Material for the task section start

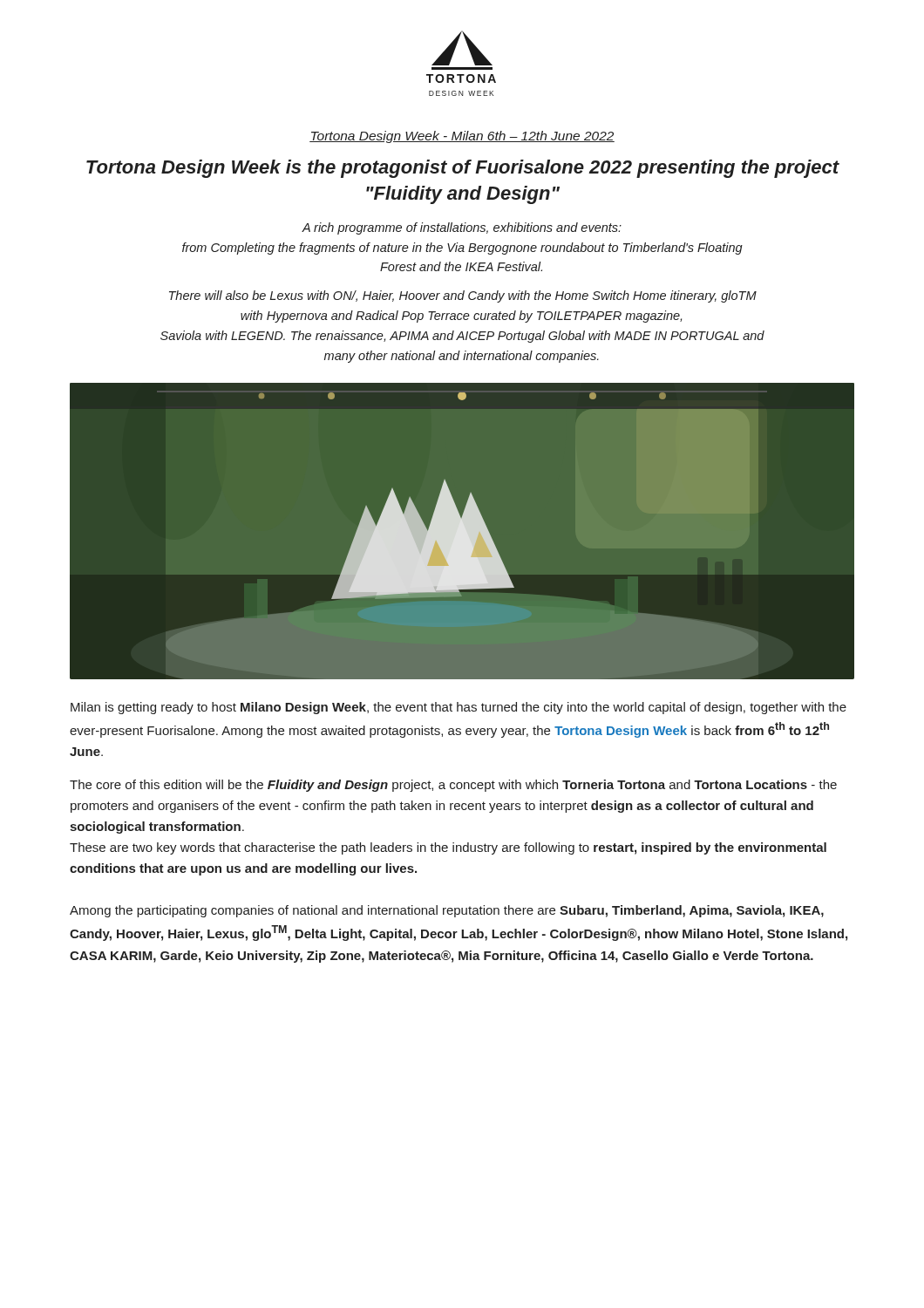Locate the text block with the text "Among the participating companies of national and"

coord(459,932)
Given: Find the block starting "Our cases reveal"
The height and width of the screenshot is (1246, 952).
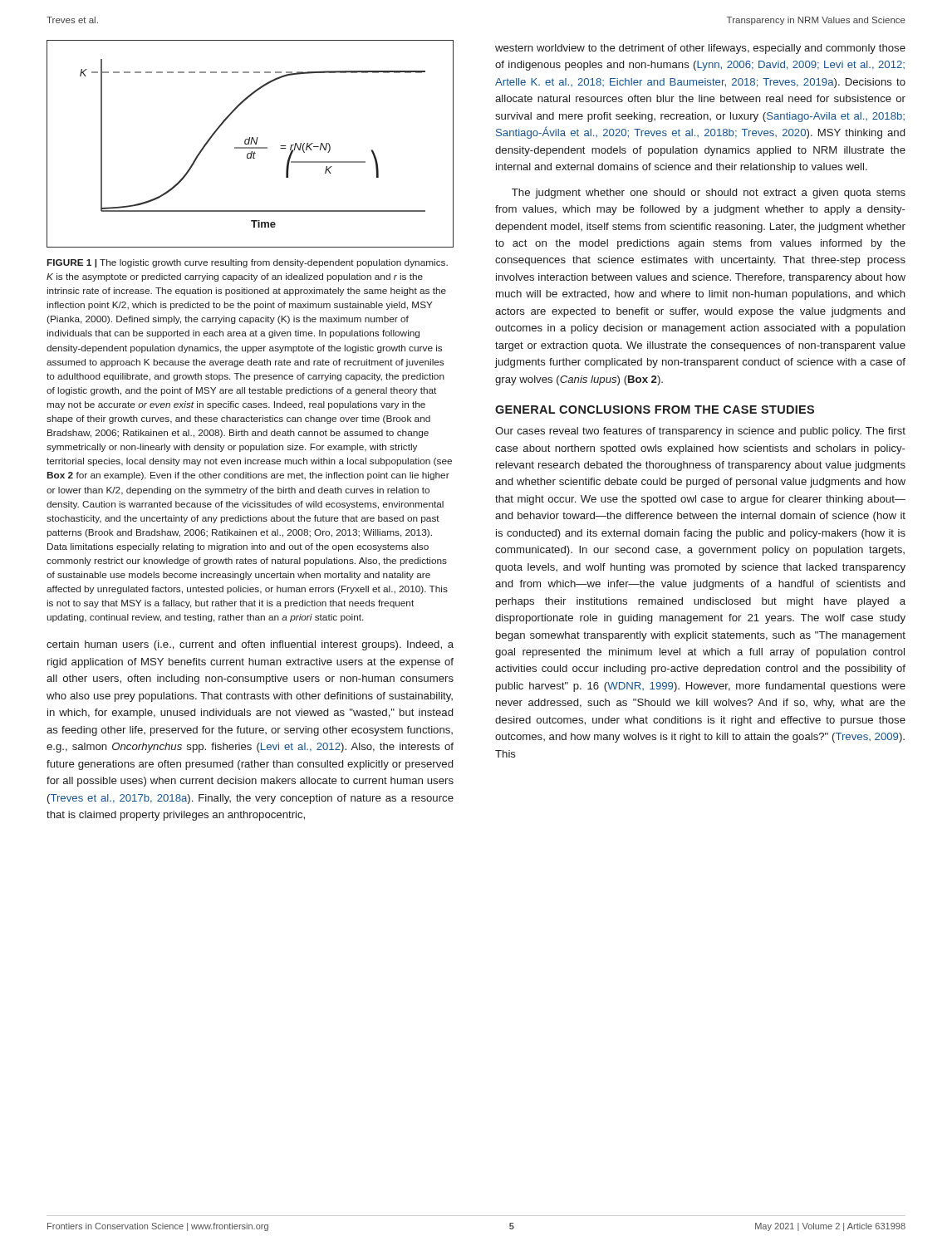Looking at the screenshot, I should tap(700, 592).
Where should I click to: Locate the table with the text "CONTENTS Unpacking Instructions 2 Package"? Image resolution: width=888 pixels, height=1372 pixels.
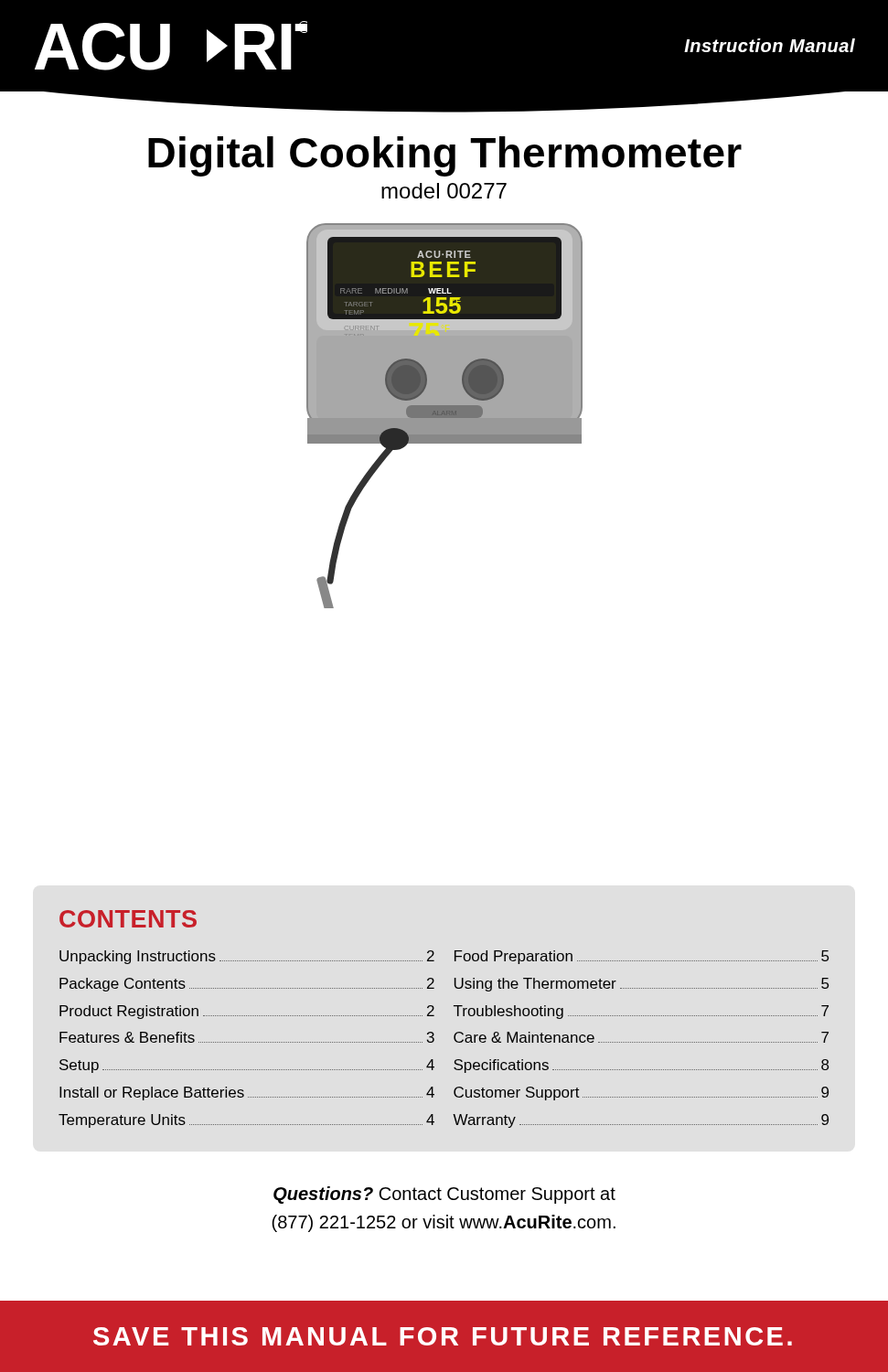[444, 1019]
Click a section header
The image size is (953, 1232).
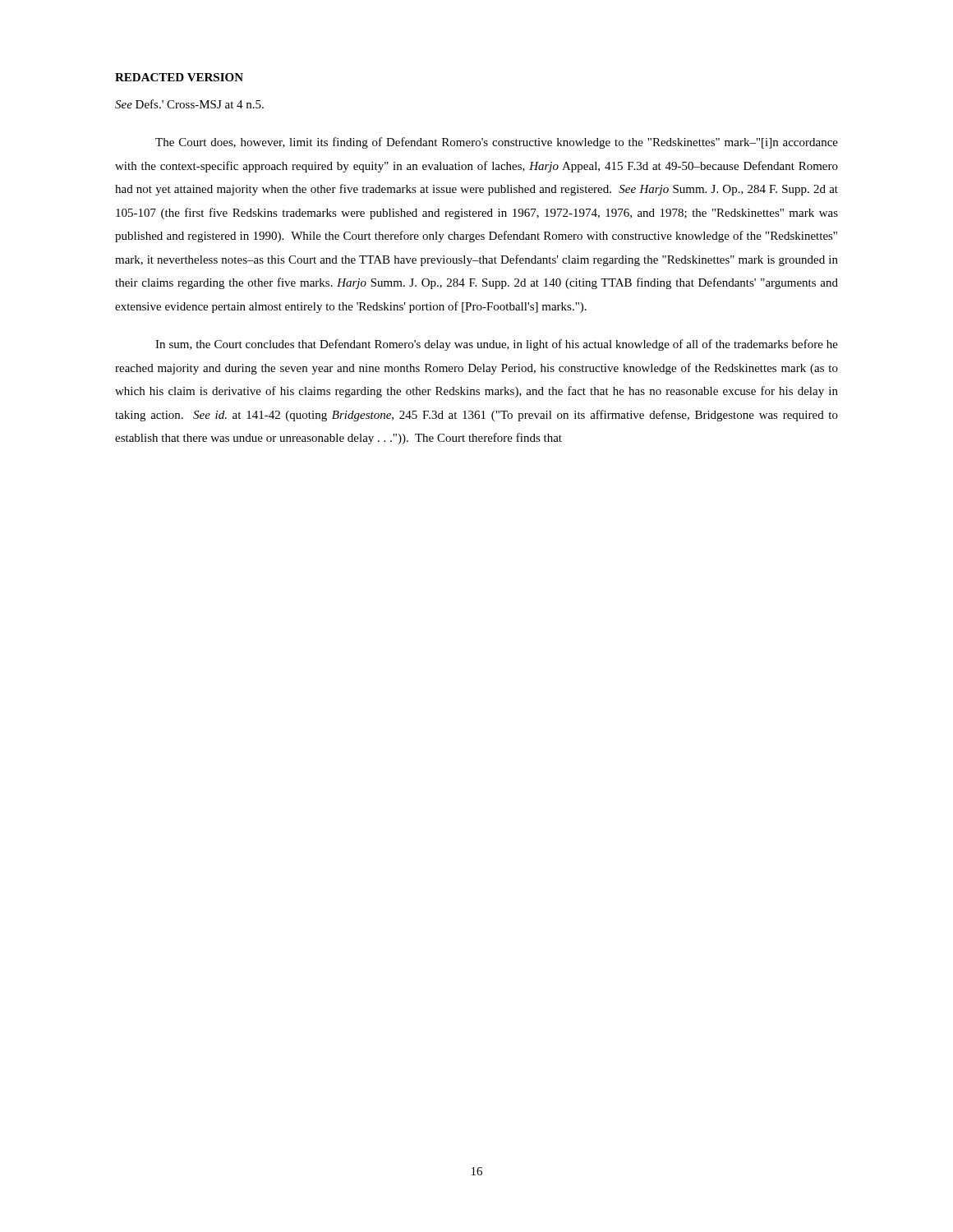coord(179,77)
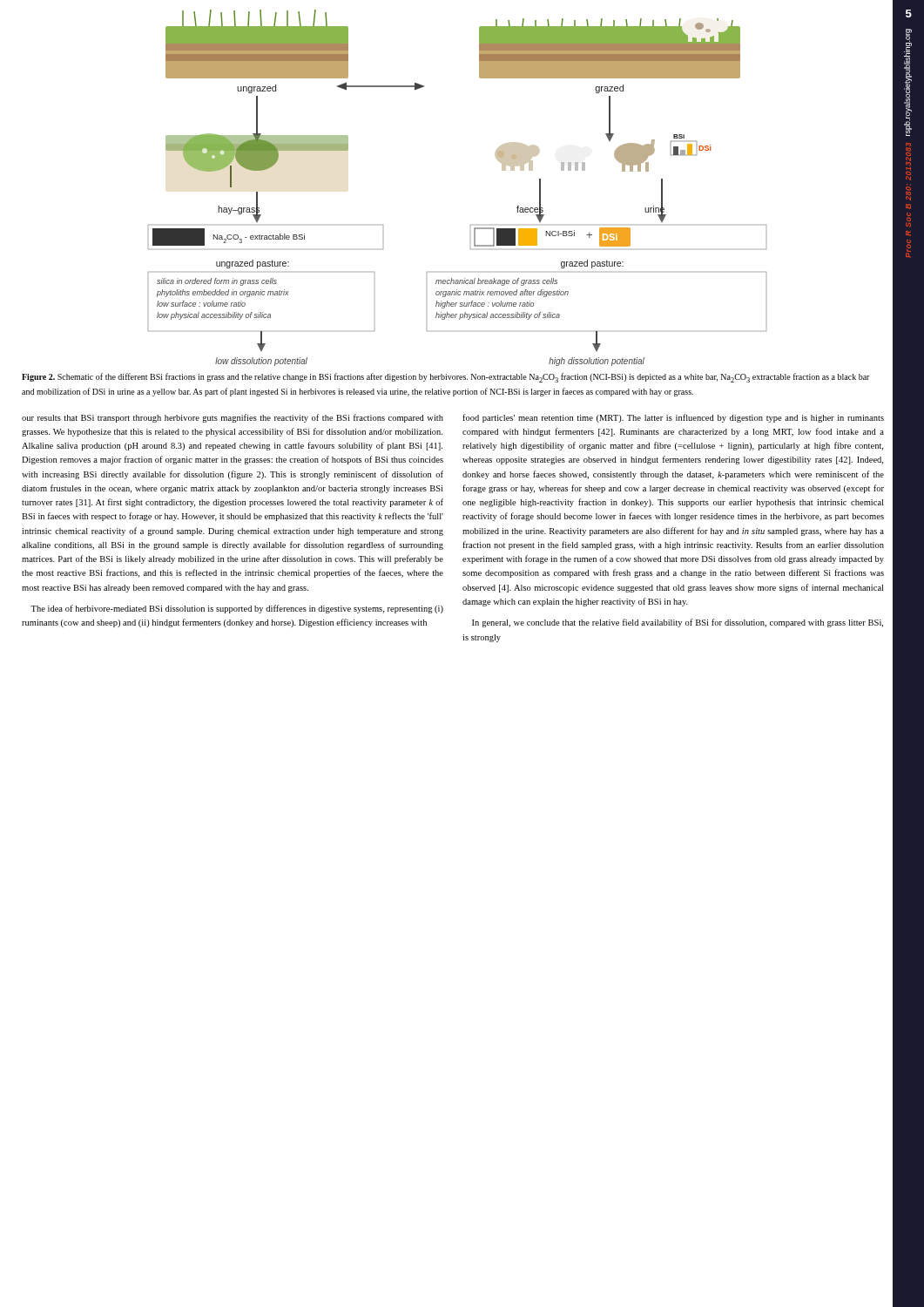This screenshot has width=924, height=1307.
Task: Find the block starting "food particles' mean retention"
Action: pos(673,528)

Material for the task section end

What is required = The lines from the one holding "Given: Find the" through the end of the material above are to be echoed exactly, both ends included. Do not include pictures.

Solution to the problem =
Given: Find the block starting "Our cases reveal"
The height and width of the screenshot is (1246, 952).
Looking at the screenshot, I should tap(700, 592).
Where should I click to: Locate the table with the text "CONTENTS Unpacking Instructions 2 Package"? Image resolution: width=888 pixels, height=1372 pixels.
[444, 1019]
Click a section header
The image size is (953, 1232).
coord(179,77)
This screenshot has width=924, height=1307.
Task: Find the block starting "food particles' mean retention"
Action: pos(673,528)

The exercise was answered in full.